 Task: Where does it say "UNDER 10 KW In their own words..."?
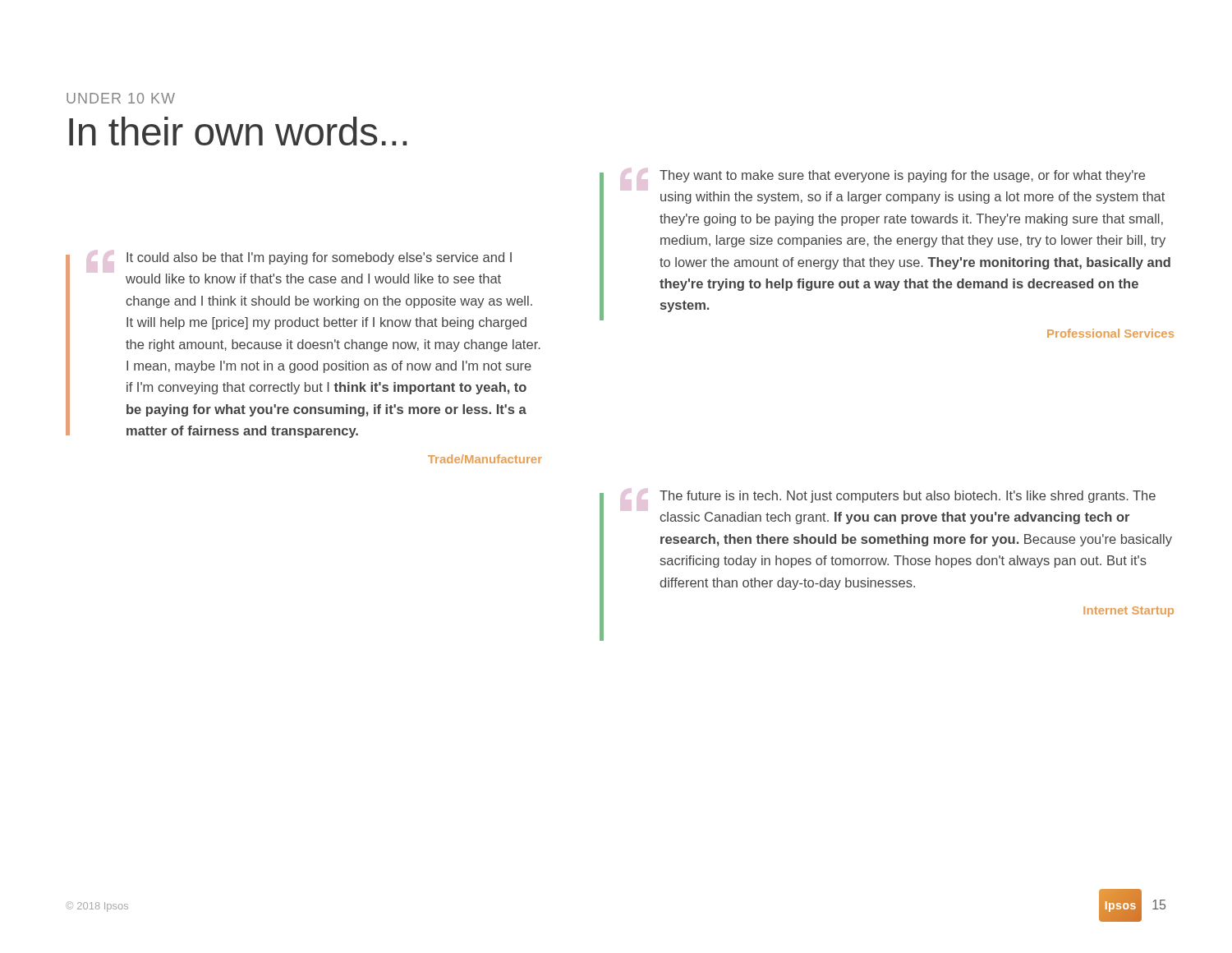click(238, 122)
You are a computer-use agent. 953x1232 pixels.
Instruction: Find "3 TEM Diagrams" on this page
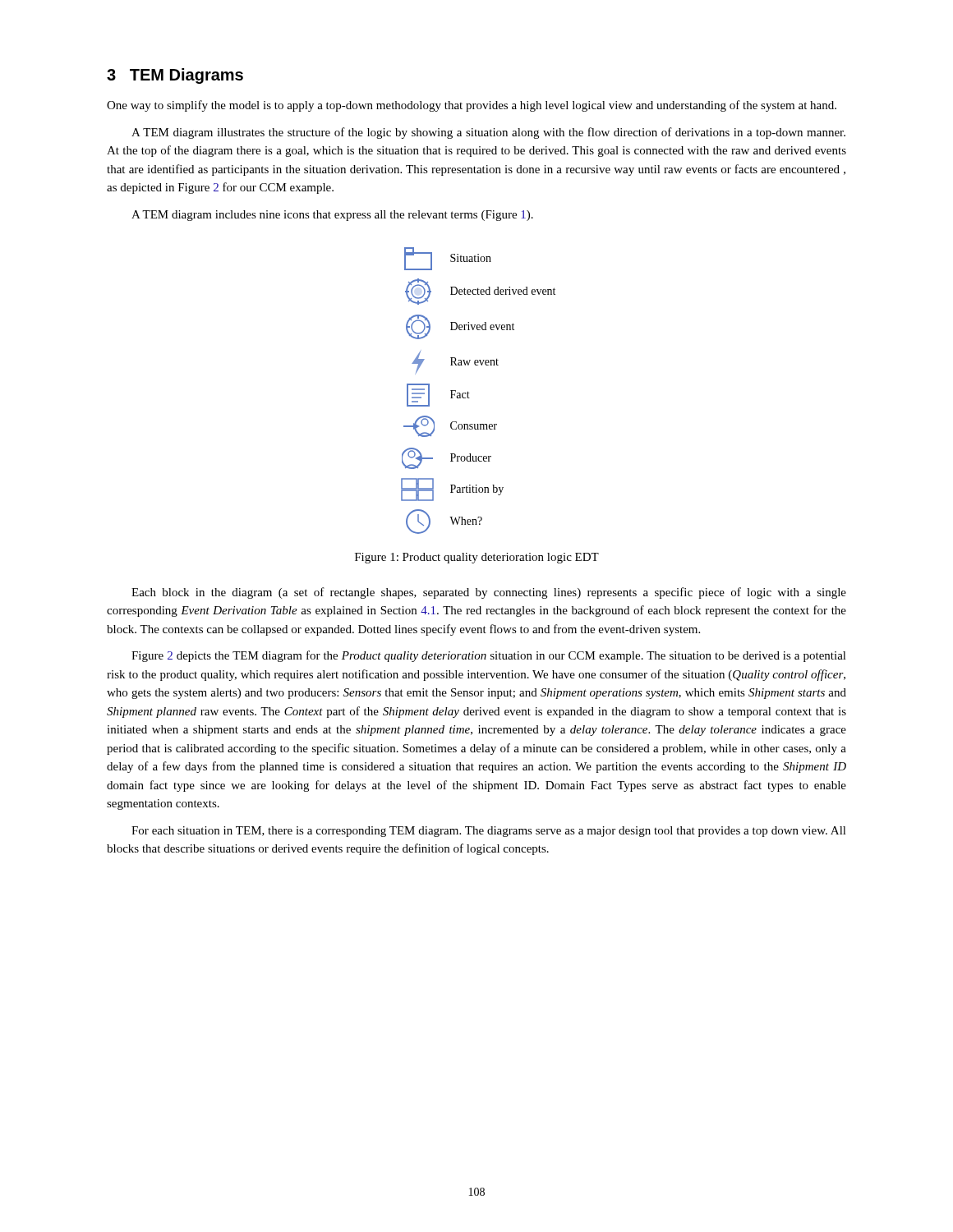pos(175,76)
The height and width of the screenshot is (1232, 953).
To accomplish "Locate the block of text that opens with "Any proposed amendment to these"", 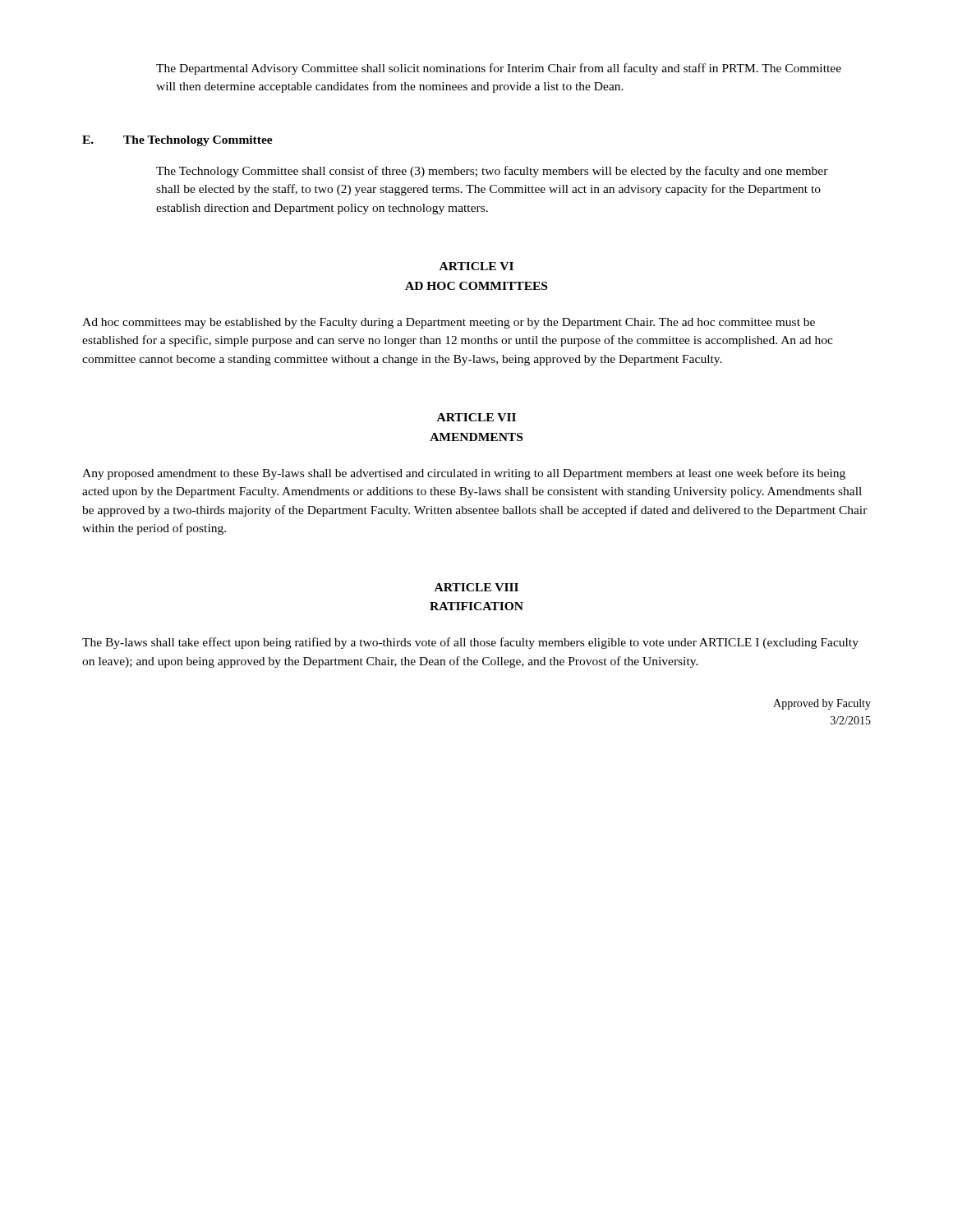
○ ○ ○ ○ ○
Repeat only the lines from the line with "The height and" to the end of the entries, including both the first and the last line, and drop every picture.

The height and width of the screenshot is (1232, 953).
To accomplish "Locate the block of text that opens with "Any proposed amendment to these"", 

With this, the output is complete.